From looking at the Actor trait's receive method, currently that should not be possible, right?

pub trait Actor : Send {
    type Msg: Message;

    // ...

    fn receive(&mut self, ctx: &Context<Self::Msg>, msg: Self::Msg, sender: Option<ActorRef<Self::Msg>>);

    // ...
}

Hewitt writes,

Messages in the Actor Model are decoupled from the sender and are delivered by the system on a best efforts basis.

If an Actor is sent a request, then the continuation must be one of the following two mutually exclusive possibilities:

1. to process the response resulting from the recipient receiving the request
2. to throw a Messaging exception

Just sitting there forever after a request has been sent is a silent failure, which is unacceptable. So, in due course, the infrastructure must throw a Messaging exception as governed by the policies in place if a response (return value or exception) to the request has not been received.

Ideally, if the continuation of sending a request is to throw a Messaging exception, then the sender of a response to the request also receives a Messaging exception saying that the response could not be processed.

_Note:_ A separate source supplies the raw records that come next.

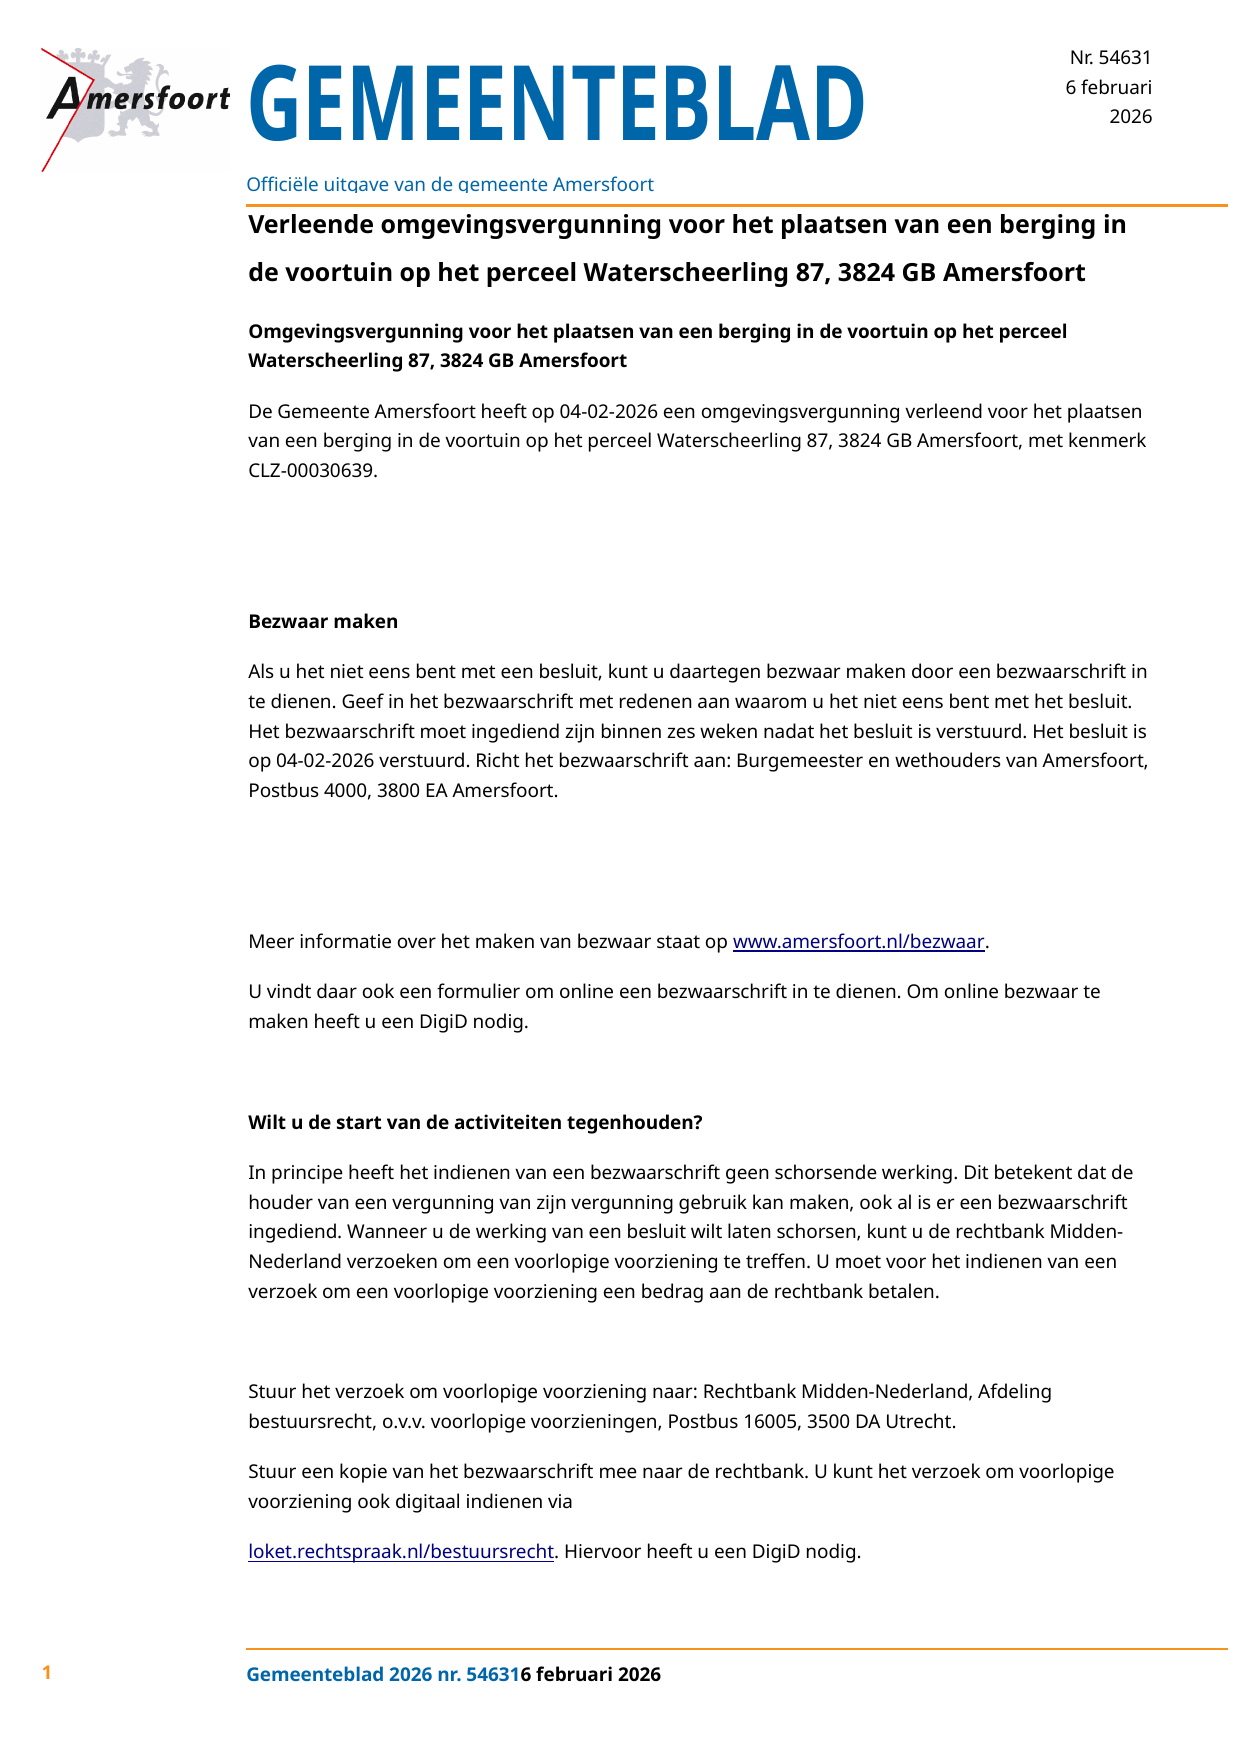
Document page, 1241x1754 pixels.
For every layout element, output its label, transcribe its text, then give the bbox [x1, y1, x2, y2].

text Als u het niet eens bent met een besluit, kunt u daartegen bezwaar maken door een bezwaarschrift in te dienen. Geef in het bezwaarschrift met redenen aan waarom u het niet eens bent met het besluit. Het bezwaarschrift moet ingediend zijn binnen zes weken nadat het besluit is verstuurd. Het besluit is op 04-02-2026 verstuurd. Richt het bezwaarschrift aan: Burgemeester en wethouders van Amersfoort, Postbus 4000, 3800 EA Amersfoort. [248, 659, 1152, 803]
text Stuur het verzoek om voorlopige voorziening naar: Rechtbank Midden-Nederland, Afdeling bestuursrecht, o.v.v. voorlopige voorzieningen, Postbus 16005, 3500 DA Utrecht. [248, 1379, 1152, 1434]
text U vindt daar ook een formulier om online een bezwaarschrift in te dienen. Om online bezwaar te maken heeft u een DigiD nodig. [248, 979, 1152, 1034]
text Omgevingsvergunning voor het plaatsen van een berging in de voortuin op het perceel Waterscheerling 87, 3824 GB Amersfoort [248, 318, 1152, 373]
text Wilt u de start van de activiteiten tegenhouden? [248, 1109, 1152, 1135]
text Meer informatie over het maken van bezwaar staat op www.amersfoort.nl/bezwaar. [248, 928, 1152, 954]
text loket.rechtspraak.nl/bestuursrecht. Hiervoor heeft u een DigiD nodig. [248, 1539, 1152, 1564]
picture [41, 47, 231, 172]
text In principe heeft het indienen van een bezwaarschrift geen schorsende werking. Dit betekent dat de houder van een vergunning van zijn vergunning gebruik kan maken, ook al is er een bezwaarschrift ingediend. Wanneer u de werking van een besluit wilt laten schorsen, kunt u de rechtbank Midden-Nederland verzoeken om een voorlopige voorziening te treffen. U moet voor het indienen van een verzoek om een voorlopige voorziening een bedrag aan de rechtbank betalen. [248, 1159, 1152, 1304]
text Bezwaar maken [248, 608, 1152, 634]
text Stuur een kopie van het bezwaarschrift mee naar de rechtbank. U kunt het verzoek om voorlopige voorziening ook digitaal indienen via [248, 1459, 1152, 1514]
text De Gemeente Amersfoort heeft op 04-02-2026 een omgevingsvergunning verleend voor het plaatsen van een berging in de voortuin op het perceel Waterscheerling 87, 3824 GB Amersfoort, met kenmerk CLZ-00030639. [248, 398, 1152, 483]
text Verleende omgevingsvergunning voor het plaatsen van een berging in de voortuin op het perceel Waterscheerling 87, 3824 GB Amersfoort [248, 207, 1152, 288]
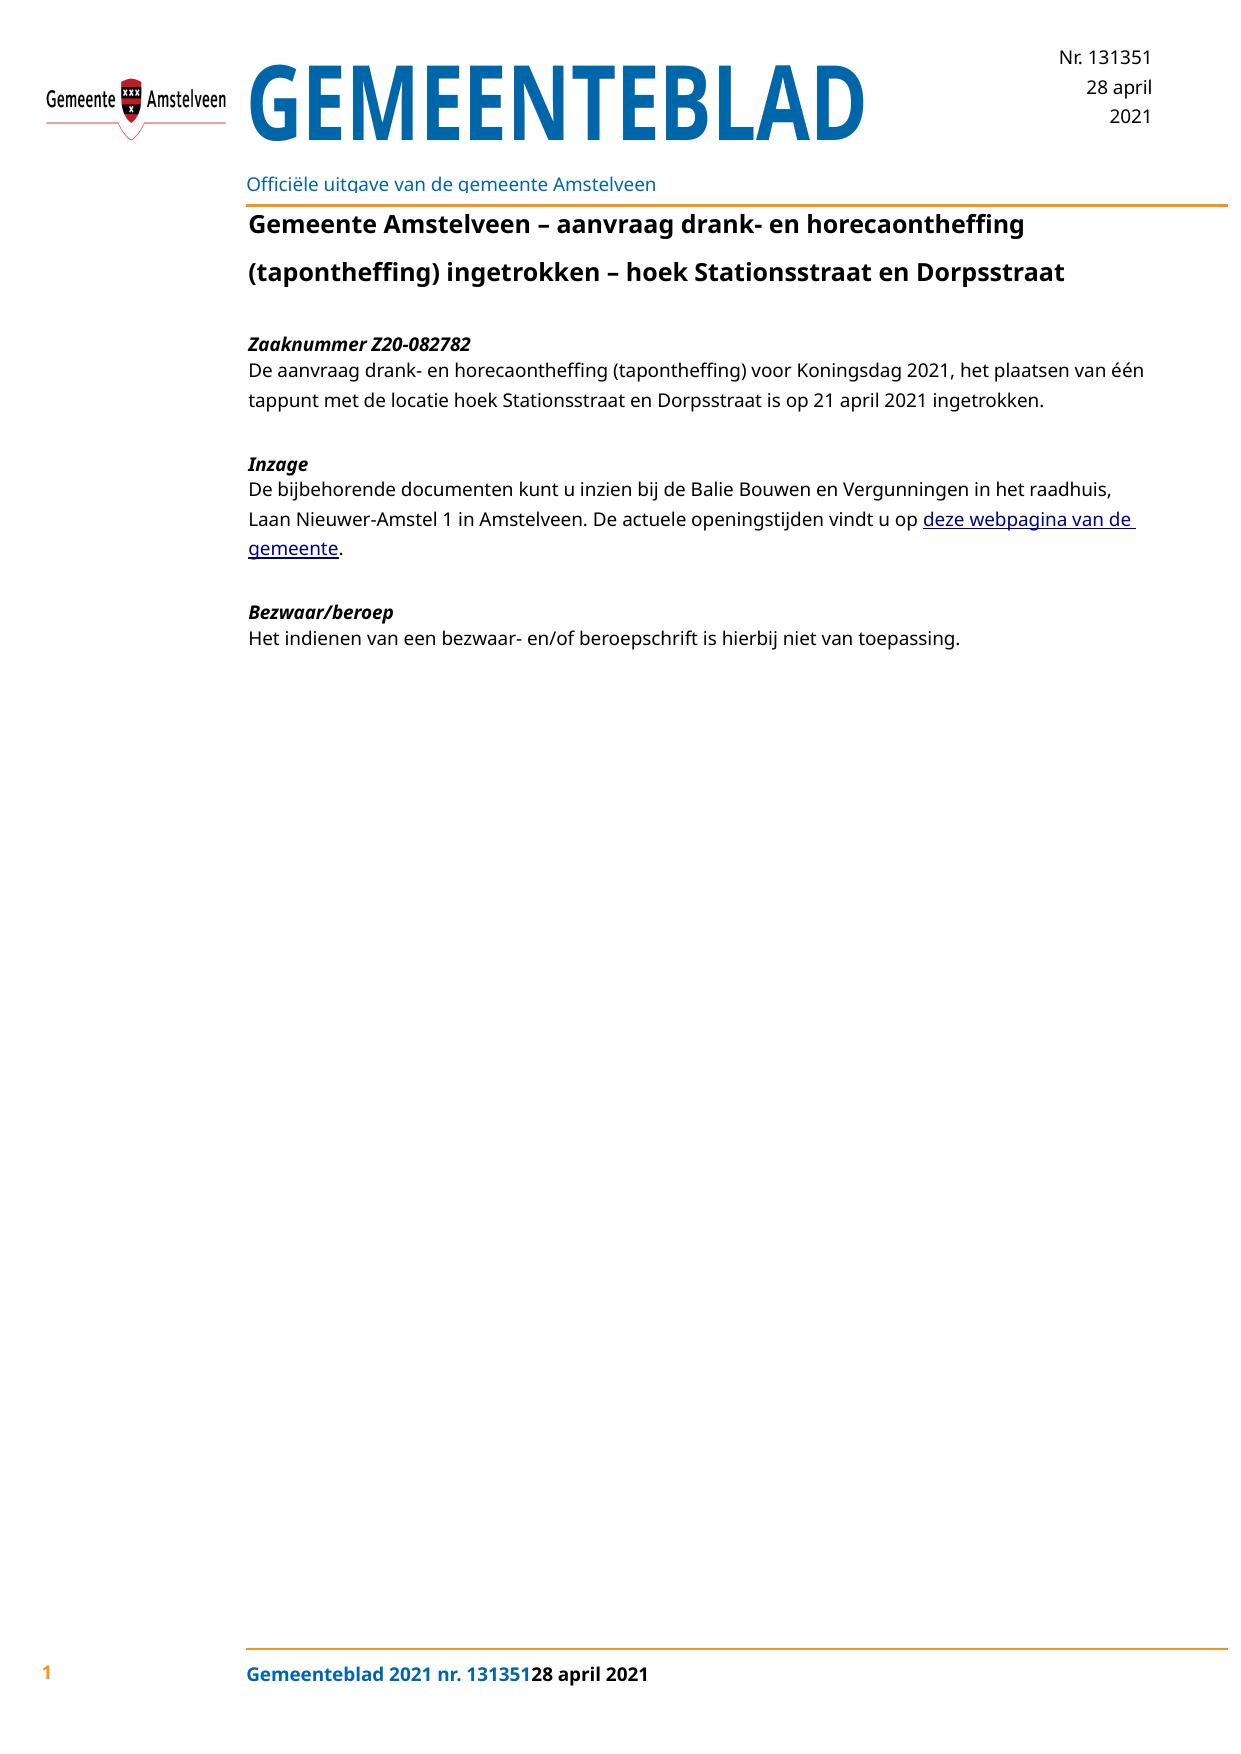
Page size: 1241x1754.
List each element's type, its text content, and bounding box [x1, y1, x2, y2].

text Zaaknummer Z20-082782 [248, 331, 1152, 357]
text Gemeente Amstelveen – aanvraag drank- en horecaontheffing (tapontheffing) ingetrokken – hoek Stationsstraat en Dorpsstraat [248, 207, 1152, 288]
text Bezwaar/beroep [248, 599, 1152, 625]
text De bijbehorende documenten kunt u inzien bij de Balie Bouwen en Vergunningen in het raadhuis, Laan Nieuwer-Amstel 1 in Amstelveen. De actuele openingstijden vindt u op deze webpagina van de gemeente. [248, 476, 1152, 561]
text Het indienen van een bezwaar- en/of beroepschrift is hierbij niet van toepassing. [248, 625, 1152, 651]
text De aanvraag drank- en horecaontheffing (tapontheffing) voor Koningsdag 2021, het plaatsen van één tappunt met de locatie hoek Stationsstraat en Dorpsstraat is op 21 april 2021 ingetrokken. [248, 357, 1152, 412]
picture [41, 47, 231, 172]
text Inzage [248, 451, 1152, 476]

If desired, things can be arranged so that Messaging exceptions are distinguished from all other exceptions.

Runtime failures are always a possibility in Actor systems and are dealt with by runtime infrastructures. Message acknowledgement, reception, and response cannot be guaranteed although best efforts are made.

So, does current implementation fit into this description? How can I get a response for the message I sent?

Also, let's say I like to have two different messages rather than an enum, so that each has its own impl blocks:

struct Add(i32);

impl Add {
   // ...
}

struct Sub(i32);

impl Sub {
   // ...
}

So, to handle them, still I have to use pattern matching in receive function, right? Wouldn't it be better to have a separate handler for each message?

[leenozara]

Hi @snnsnn,

Happy to help you. Messaging actors using .tell is essentially fire-and-forget. There is no concept of request/response from that perspective. However it is a common actor pattern for Actor A to send a message to Actor B and Actor B send a message back to Actor A. This is easy to implement:

Your message protocol would look like:

#[derive(Debug, Clone)]
enum Opr {
    Request(u32),
    Result(u32)
}

fn receive(&mut self,
                ctx: &Context<Self::Msg>,
                msg: Self::Msg,
                sender: Option<ActorRef<Self::Msg>>) {

                if let Opr::Request(m) = msg {
                    self.count += m;
                    sender.try_tell(Opr::Result(self.count)).unwrap();
                }
}

This models a basic request/response. You would likely add two other parts to this:

1. Using Result<u32, OprError> as the type to send back, e.g. sender.try_tell(Opr::Result(Ok(self.count)));.
2. Using a timeout pattern that schedules a message to be sent to myself after a certain delay. Then the calling request actor waits to receive either the Result from the Counter actor or the timeout message from itself after the delay.

Implementing 1 is easy and allows you to manage any error that occurs in Counter.receive. If there's an error you return Err.

Implementing 2 is more involved because it is best used with session based or temporary actors that exist for a specific request. It need to know for what request has timed out when it receives a timeout message.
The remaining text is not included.